----- INPUT MATERIAL -----

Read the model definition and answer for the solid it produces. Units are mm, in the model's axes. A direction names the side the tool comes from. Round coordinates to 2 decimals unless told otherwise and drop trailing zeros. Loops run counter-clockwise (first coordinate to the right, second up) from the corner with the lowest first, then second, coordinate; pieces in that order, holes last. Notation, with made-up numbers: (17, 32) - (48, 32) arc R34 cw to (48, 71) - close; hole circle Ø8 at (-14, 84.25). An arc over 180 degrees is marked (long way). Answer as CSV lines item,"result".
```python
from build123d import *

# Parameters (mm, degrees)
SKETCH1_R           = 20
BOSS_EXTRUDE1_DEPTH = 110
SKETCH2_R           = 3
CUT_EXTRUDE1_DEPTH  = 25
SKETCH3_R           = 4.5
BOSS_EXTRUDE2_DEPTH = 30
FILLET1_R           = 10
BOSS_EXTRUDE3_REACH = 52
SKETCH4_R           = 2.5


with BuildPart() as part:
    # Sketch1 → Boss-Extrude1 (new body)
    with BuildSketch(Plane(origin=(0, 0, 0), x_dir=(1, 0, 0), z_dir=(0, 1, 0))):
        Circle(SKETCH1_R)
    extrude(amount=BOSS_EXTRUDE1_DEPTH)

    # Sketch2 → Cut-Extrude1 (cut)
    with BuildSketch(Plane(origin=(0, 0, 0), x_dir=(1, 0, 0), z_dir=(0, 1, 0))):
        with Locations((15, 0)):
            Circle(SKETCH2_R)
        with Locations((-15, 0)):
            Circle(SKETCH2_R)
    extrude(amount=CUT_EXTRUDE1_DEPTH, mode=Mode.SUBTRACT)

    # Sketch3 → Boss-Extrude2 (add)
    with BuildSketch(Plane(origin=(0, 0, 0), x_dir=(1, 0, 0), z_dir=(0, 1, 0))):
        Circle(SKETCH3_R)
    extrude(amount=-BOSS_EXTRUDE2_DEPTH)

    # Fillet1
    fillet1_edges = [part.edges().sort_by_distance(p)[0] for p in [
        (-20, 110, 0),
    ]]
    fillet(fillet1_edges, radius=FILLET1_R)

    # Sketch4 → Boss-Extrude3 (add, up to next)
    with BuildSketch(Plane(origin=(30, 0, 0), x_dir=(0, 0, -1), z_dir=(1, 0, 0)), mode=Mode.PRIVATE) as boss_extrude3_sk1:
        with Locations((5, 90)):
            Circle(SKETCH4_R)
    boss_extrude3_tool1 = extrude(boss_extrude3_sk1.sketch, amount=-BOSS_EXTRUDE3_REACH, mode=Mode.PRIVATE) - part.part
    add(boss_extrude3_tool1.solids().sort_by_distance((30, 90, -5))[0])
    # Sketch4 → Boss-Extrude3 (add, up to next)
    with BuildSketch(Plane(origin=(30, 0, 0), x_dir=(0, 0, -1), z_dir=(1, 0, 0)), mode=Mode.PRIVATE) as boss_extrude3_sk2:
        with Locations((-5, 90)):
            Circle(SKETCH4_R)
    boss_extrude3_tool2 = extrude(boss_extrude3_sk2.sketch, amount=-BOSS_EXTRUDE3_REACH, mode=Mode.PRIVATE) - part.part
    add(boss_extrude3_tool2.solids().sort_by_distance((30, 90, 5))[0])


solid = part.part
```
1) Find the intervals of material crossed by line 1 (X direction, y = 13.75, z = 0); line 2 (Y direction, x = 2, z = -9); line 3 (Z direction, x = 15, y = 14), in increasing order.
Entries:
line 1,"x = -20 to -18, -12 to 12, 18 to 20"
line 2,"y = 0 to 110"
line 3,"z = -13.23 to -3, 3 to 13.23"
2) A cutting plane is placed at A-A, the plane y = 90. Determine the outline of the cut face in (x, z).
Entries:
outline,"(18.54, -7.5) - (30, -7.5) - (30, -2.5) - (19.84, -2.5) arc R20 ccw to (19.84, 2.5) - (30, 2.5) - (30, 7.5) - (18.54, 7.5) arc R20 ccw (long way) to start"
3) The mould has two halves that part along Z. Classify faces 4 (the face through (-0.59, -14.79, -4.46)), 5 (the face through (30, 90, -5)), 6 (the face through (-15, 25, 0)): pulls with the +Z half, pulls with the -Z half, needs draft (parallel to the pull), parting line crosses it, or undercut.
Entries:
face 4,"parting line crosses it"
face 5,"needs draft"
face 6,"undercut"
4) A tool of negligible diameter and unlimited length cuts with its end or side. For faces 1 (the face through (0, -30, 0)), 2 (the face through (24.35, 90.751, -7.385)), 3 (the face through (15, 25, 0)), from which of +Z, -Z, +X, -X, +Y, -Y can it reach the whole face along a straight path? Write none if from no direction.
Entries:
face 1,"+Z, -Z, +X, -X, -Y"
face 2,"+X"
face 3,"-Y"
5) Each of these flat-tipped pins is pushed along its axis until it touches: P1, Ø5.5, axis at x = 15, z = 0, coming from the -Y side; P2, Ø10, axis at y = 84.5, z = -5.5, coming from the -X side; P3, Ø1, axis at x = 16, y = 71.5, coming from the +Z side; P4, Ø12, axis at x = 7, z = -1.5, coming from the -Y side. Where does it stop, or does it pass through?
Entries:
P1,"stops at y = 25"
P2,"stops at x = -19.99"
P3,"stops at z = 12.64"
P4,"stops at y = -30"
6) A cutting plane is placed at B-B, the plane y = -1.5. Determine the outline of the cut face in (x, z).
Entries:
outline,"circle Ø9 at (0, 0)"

-----
----- INPUT MATERIAL -----

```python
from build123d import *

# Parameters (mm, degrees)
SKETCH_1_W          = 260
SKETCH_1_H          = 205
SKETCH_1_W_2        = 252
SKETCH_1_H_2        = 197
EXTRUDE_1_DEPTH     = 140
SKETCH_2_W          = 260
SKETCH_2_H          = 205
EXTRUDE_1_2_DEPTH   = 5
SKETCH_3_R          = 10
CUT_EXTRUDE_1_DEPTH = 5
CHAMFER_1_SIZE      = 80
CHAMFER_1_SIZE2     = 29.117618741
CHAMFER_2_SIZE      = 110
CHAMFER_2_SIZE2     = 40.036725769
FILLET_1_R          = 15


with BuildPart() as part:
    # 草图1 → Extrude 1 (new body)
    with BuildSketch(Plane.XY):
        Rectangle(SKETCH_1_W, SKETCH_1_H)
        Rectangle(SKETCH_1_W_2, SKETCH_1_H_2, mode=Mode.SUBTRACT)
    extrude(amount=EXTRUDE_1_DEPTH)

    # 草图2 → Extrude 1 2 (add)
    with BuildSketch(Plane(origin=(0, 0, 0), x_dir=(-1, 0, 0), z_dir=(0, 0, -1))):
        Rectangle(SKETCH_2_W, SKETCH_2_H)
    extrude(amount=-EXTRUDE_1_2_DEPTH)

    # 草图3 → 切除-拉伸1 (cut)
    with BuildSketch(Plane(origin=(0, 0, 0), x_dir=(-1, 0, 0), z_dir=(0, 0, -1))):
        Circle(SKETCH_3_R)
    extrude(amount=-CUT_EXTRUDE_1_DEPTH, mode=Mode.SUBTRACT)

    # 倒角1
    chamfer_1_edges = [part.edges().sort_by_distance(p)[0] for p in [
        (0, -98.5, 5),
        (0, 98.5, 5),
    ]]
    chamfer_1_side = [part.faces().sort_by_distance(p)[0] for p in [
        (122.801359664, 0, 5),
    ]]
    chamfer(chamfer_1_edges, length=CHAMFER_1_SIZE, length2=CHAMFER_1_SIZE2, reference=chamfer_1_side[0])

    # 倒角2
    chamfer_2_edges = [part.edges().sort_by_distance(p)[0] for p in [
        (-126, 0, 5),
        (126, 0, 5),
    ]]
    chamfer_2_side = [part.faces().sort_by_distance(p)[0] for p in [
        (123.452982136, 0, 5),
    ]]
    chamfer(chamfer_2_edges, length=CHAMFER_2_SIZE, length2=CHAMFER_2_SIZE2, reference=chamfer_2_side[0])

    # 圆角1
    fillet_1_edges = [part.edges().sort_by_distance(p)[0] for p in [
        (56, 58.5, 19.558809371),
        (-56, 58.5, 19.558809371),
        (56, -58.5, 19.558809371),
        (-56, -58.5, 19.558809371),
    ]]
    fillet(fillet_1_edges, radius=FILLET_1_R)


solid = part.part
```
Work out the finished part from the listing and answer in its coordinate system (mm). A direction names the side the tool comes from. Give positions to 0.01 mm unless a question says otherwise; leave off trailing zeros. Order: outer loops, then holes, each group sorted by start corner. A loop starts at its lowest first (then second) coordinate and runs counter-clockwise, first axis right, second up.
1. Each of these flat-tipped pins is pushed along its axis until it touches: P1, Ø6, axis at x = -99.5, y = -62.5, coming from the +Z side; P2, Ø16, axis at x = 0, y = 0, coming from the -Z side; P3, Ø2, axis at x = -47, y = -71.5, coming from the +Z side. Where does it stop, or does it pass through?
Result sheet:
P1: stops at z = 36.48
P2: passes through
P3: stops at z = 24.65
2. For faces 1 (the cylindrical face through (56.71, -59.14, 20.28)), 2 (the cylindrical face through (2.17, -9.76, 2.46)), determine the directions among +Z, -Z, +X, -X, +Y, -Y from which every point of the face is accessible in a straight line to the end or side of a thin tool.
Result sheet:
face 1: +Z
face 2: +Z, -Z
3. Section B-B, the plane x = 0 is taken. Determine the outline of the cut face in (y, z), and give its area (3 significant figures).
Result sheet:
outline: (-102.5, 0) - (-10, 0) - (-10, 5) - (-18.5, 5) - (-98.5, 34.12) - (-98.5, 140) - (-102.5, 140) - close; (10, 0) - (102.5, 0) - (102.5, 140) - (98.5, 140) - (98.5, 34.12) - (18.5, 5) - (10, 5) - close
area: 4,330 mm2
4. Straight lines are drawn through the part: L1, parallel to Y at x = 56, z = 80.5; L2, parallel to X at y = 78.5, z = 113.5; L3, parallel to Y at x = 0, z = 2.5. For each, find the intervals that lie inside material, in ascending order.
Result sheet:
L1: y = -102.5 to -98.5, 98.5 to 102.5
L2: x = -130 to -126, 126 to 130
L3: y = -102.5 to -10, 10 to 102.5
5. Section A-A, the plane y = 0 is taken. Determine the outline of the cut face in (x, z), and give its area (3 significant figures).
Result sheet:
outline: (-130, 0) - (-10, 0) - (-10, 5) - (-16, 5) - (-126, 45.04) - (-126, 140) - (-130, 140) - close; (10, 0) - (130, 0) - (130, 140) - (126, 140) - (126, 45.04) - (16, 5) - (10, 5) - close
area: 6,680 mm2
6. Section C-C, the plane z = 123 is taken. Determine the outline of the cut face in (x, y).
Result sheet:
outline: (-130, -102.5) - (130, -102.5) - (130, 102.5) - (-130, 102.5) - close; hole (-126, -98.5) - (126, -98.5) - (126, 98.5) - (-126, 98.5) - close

-----

**PROBLEM**. Search the entries for the word "tipped" and pick out every line that holds it.

**EXERCISE RESULT**.
5) Each of these flat-tipped pins is pushed along its axis until it touches: P1, Ø5.5, axis at x = 15, z = 0, coming from the -Y side; P2, Ø10, axis at y = 84.5, z = -5.5, coming from the -X side; P3, Ø1, axis at x = 16, y = 71.5, coming from the +Z side; P4, Ø12, axis at x = 7, z = -1.5, coming from the -Y side. Where does it stop, or does it pass through?
1. Each of these flat-tipped pins is pushed along its axis until it touches: P1, Ø6, axis at x = -99.5, y = -62.5, coming from the +Z side; P2, Ø16, axis at x = 0, y = 0, coming from the -Z side; P3, Ø2, axis at x = -47, y = -71.5, coming from the +Z side. Where does it stop, or does it pass through?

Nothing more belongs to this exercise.